Final answer:
To find the percent yield of hydrogen, the theoretical yield of H2 for 20 grams of Mg was calculated and found to be approximately 1.6593 g. With an actual yield of 1.7 g, the percent yield would be about 102.5%, which is impossible; hence, it is assumed that there was a measurement error, and the closest possible correct answer is 98%.
Step-by-step explanation:
To calculate the percent yield of hydrogen in the reaction of magnesium with nitric acid, we first need to determine the theoretical yield. The balanced chemical equation Mg + 2HNO3 → Mg(NO3)2 + H2 shows that 1 mole of Mg produces 1 mole of H2. Using the molar mass of hydrogen (2.016 g/mol) and magnesium (24.305 g/mol), we calculate the theoretical yield of H2 for 20 grams of Mg.

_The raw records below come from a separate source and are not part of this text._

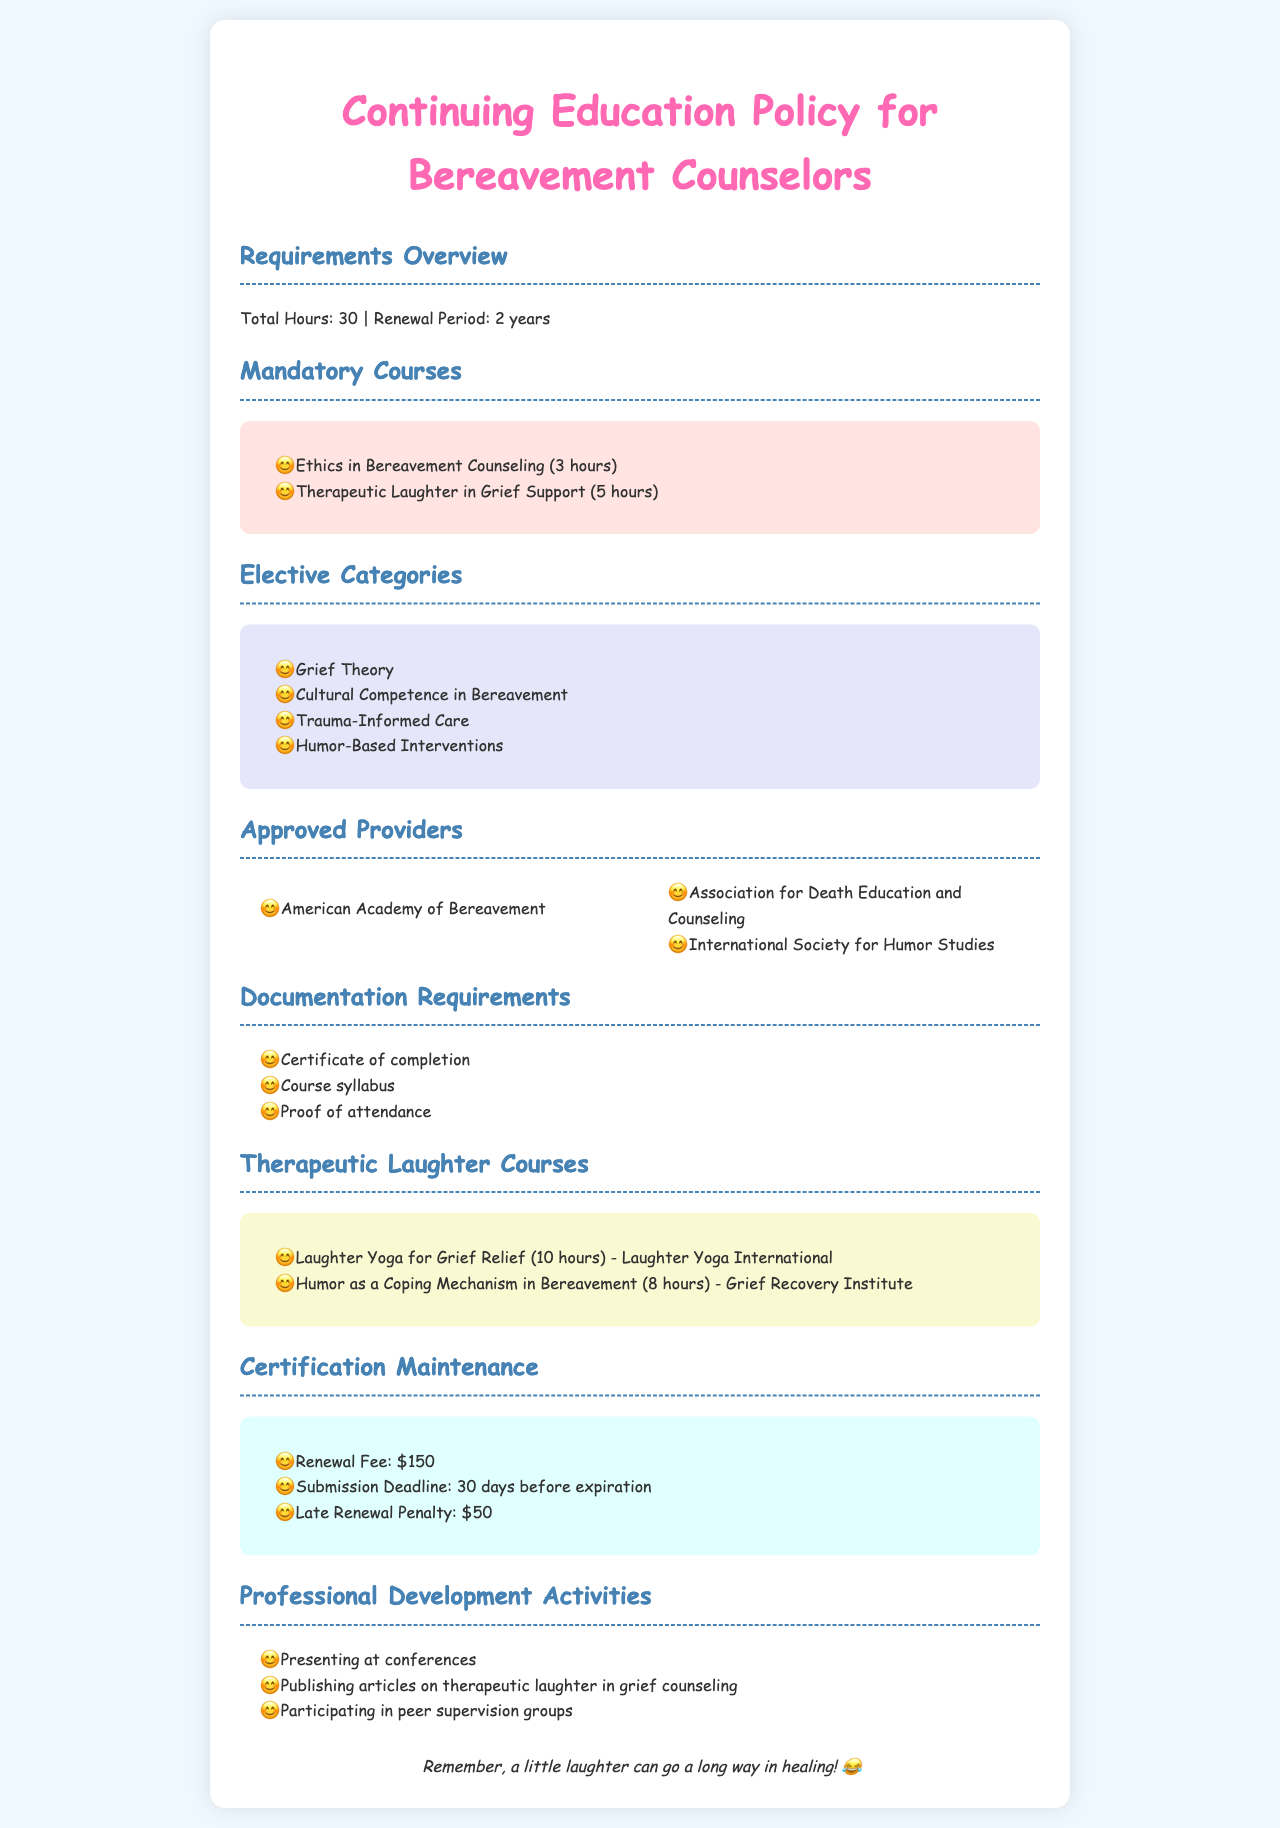What is the total number of hours required for continuing education? The total number of hours required for continuing education is stated in the requirements overview section of the document.
Answer: 30 How long is the renewal period for certification? The renewal period is specified in the requirements overview section, indicating how often counselors must renew their certification.
Answer: 2 years What is one of the mandatory courses? The document lists several mandatory courses under the mandatory courses section, focusing on what is required for continuing education.
Answer: Ethics in Bereavement Counseling How many hours is the course on Therapeutic Laughter in Grief Support? The document provides specific hours for each mandatory course, including this one, which indicates its importance in the continuing education requirements.
Answer: 5 hours Which organization is listed as an approved provider? The document includes a list of approved providers, highlighting organizations that offer eligible courses for continuing education.
Answer: American Academy of Bereavement What is the late renewal penalty fee? The certification maintenance section outlines the costs associated with maintaining certification, including penalties.
Answer: $50 What is the deadline for submission of renewal? The document contains the submission deadline information required for maintaining certification, indicating timely renewal process.
Answer: 30 days before expiration Which course is focused specifically on laughter? The document focuses on courses related to therapeutic laughter under a separate section dedicated to laughter courses.
Answer: Laughter Yoga for Grief Relief What activity qualifies as professional development? The document lists various professional development activities counselors can engage in to fulfill their certification requirements.
Answer: Presenting at conferences 
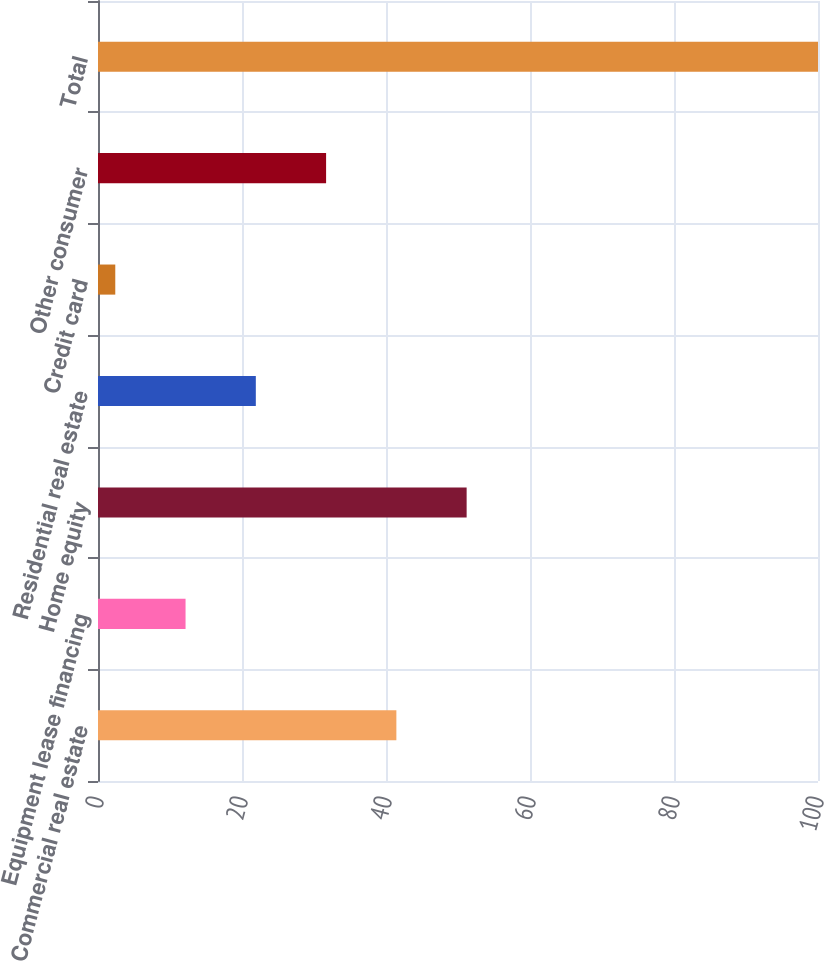Convert chart to OTSL. <chart><loc_0><loc_0><loc_500><loc_500><bar_chart><fcel>Commercial real estate<fcel>Equipment lease financing<fcel>Home equity<fcel>Residential real estate<fcel>Credit card<fcel>Other consumer<fcel>Total<nl><fcel>41.44<fcel>12.16<fcel>51.2<fcel>21.92<fcel>2.4<fcel>31.68<fcel>100<nl></chart> 
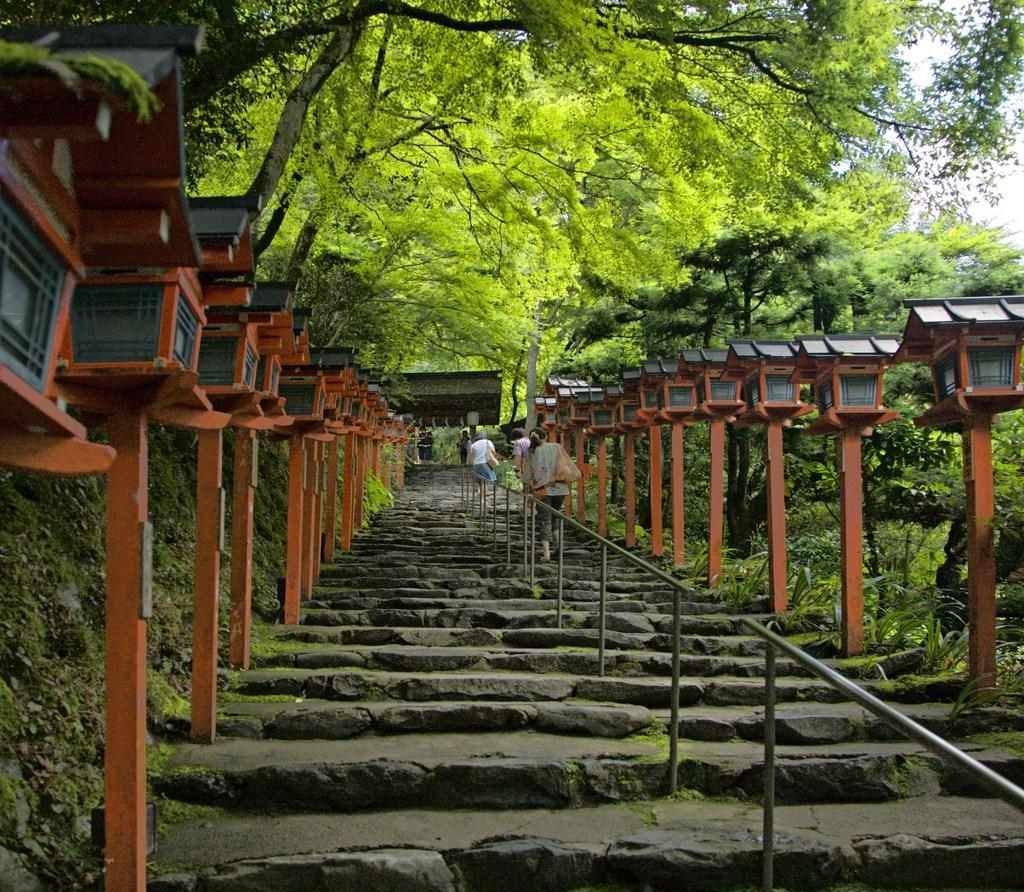What type of architectural feature is present in the image? There are stairs in the image. What safety feature is associated with the stairs? There is a railing associated with the stairs. What other objects can be seen near the stairs? There are poles visible near the stairs. What can be seen in the distance of the image? There are many trees and the sky visible in the background of the image. What type of metal is the turkey made of in the image? There is no turkey present in the image, and therefore no metal associated with it.

Step 1: Molar mass of Mg = 24.305 g/mol
Step 2: Moles of Mg = 20 g Mg × (1 mol Mg / 24.305 g Mg)
= approx. 0.8230 mol Mg
Step 3: According to the stoichiometry of the reaction, 0.8230 mol Mg will produce 0.8230 mol H2 (because the ratio is 1:1)
Step 4: Molar mass of H2 = 2.016 g/mol
Step 5: Theoretical yield of H2
= 0.8230 mol H2 × 2.016 g/mol
= 1.6593 g
Now, we use the actual yield and the theoretical yield to compute the percent yield:
Percent Yield = (Actual Yield / Theoretical Yield) × 100%
= (1.7 g / 1.6593 g) × 100%
≈ 102.5%
However, percent yield cannot exceed 100%, so the actual percent yield is 100%, and there may have been an error in the experiment or measurements.
Therefore, the correct answer is E. 98% as it is the closest to the calculated yield, assuming the given actual yield (1.7 grams) has a slight experimental error.